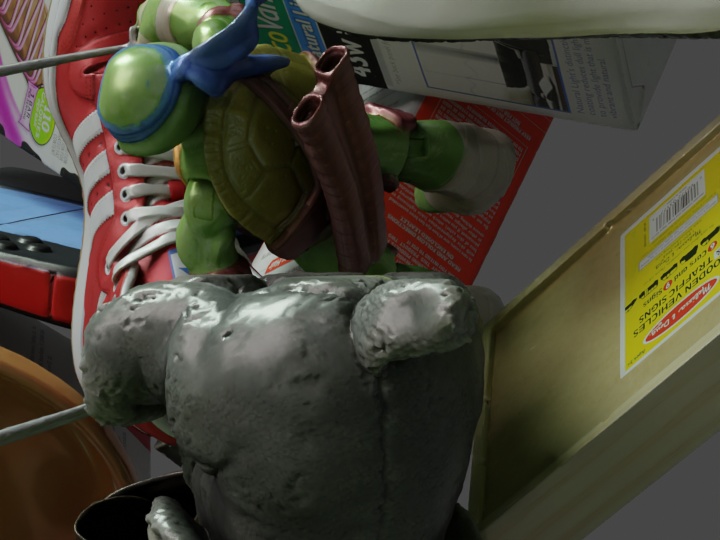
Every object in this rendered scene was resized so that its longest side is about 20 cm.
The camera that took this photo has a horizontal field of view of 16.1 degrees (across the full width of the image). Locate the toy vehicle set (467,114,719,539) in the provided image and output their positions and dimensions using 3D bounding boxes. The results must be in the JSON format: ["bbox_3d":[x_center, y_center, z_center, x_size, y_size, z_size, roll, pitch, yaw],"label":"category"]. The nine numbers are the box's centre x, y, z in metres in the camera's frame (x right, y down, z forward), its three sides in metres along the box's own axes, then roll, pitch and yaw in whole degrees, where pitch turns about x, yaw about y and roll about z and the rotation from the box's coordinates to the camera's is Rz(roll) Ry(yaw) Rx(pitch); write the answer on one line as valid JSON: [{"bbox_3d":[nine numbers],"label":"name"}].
[{"bbox_3d":[0.112,0.003,0.831,0.200,0.026,0.125,-43,21,29],"label":"toy vehicle set"}]

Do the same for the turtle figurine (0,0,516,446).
[{"bbox_3d":[-0.048,-0.025,0.925,0.200,0.193,0.144,-47,45,26],"label":"turtle figurine"}]

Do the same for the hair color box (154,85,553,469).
[{"bbox_3d":[0.000,0.000,1.058,0.101,0.061,0.201,-23,34,58],"label":"hair color box"}]

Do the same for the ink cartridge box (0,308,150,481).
[{"bbox_3d":[-0.217,0.089,1.191,0.145,0.199,0.146,-52,17,18],"label":"ink cartridge box"}]

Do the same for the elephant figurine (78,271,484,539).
[{"bbox_3d":[-0.013,0.102,0.802,0.155,0.140,0.202,-4,-87,-72],"label":"elephant figurine"}]

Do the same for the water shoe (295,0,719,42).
[{"bbox_3d":[0.070,-0.120,0.877,0.199,0.080,0.071,2,8,25],"label":"water shoe"}]

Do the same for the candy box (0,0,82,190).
[{"bbox_3d":[-0.122,-0.117,1.193,0.200,0.061,0.137,31,114,45],"label":"candy box"}]

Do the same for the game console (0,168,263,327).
[{"bbox_3d":[-0.142,-0.017,1.180,0.200,0.176,0.031,-16,-59,-66],"label":"game console"}]

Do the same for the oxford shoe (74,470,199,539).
[{"bbox_3d":[-0.089,0.125,1.015,0.200,0.084,0.073,-42,22,34],"label":"oxford shoe"}]

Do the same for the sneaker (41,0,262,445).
[{"bbox_3d":[-0.077,-0.030,0.989,0.112,0.071,0.202,-153,59,-68],"label":"sneaker"}]

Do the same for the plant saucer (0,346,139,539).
[{"bbox_3d":[-0.188,0.101,1.082,0.200,0.200,0.038,-44,23,26],"label":"plant saucer"}]

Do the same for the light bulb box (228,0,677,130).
[{"bbox_3d":[0.044,-0.181,1.032,0.199,0.125,0.199,11,56,24],"label":"light bulb box"}]
====
| Work to complete |
Return, unchanged, each line from the line containing "Do the same for the hair" through the last line of the material.

| The answer |
Do the same for the hair color box (154,85,553,469).
[{"bbox_3d":[0.000,0.000,1.058,0.101,0.061,0.201,-23,34,58],"label":"hair color box"}]

Do the same for the ink cartridge box (0,308,150,481).
[{"bbox_3d":[-0.217,0.089,1.191,0.145,0.199,0.146,-52,17,18],"label":"ink cartridge box"}]

Do the same for the elephant figurine (78,271,484,539).
[{"bbox_3d":[-0.013,0.102,0.802,0.155,0.140,0.202,-4,-87,-72],"label":"elephant figurine"}]

Do the same for the water shoe (295,0,719,42).
[{"bbox_3d":[0.070,-0.120,0.877,0.199,0.080,0.071,2,8,25],"label":"water shoe"}]

Do the same for the candy box (0,0,82,190).
[{"bbox_3d":[-0.122,-0.117,1.193,0.200,0.061,0.137,31,114,45],"label":"candy box"}]

Do the same for the game console (0,168,263,327).
[{"bbox_3d":[-0.142,-0.017,1.180,0.200,0.176,0.031,-16,-59,-66],"label":"game console"}]

Do the same for the oxford shoe (74,470,199,539).
[{"bbox_3d":[-0.089,0.125,1.015,0.200,0.084,0.073,-42,22,34],"label":"oxford shoe"}]

Do the same for the sneaker (41,0,262,445).
[{"bbox_3d":[-0.077,-0.030,0.989,0.112,0.071,0.202,-153,59,-68],"label":"sneaker"}]

Do the same for the plant saucer (0,346,139,539).
[{"bbox_3d":[-0.188,0.101,1.082,0.200,0.200,0.038,-44,23,26],"label":"plant saucer"}]

Do the same for the light bulb box (228,0,677,130).
[{"bbox_3d":[0.044,-0.181,1.032,0.199,0.125,0.199,11,56,24],"label":"light bulb box"}]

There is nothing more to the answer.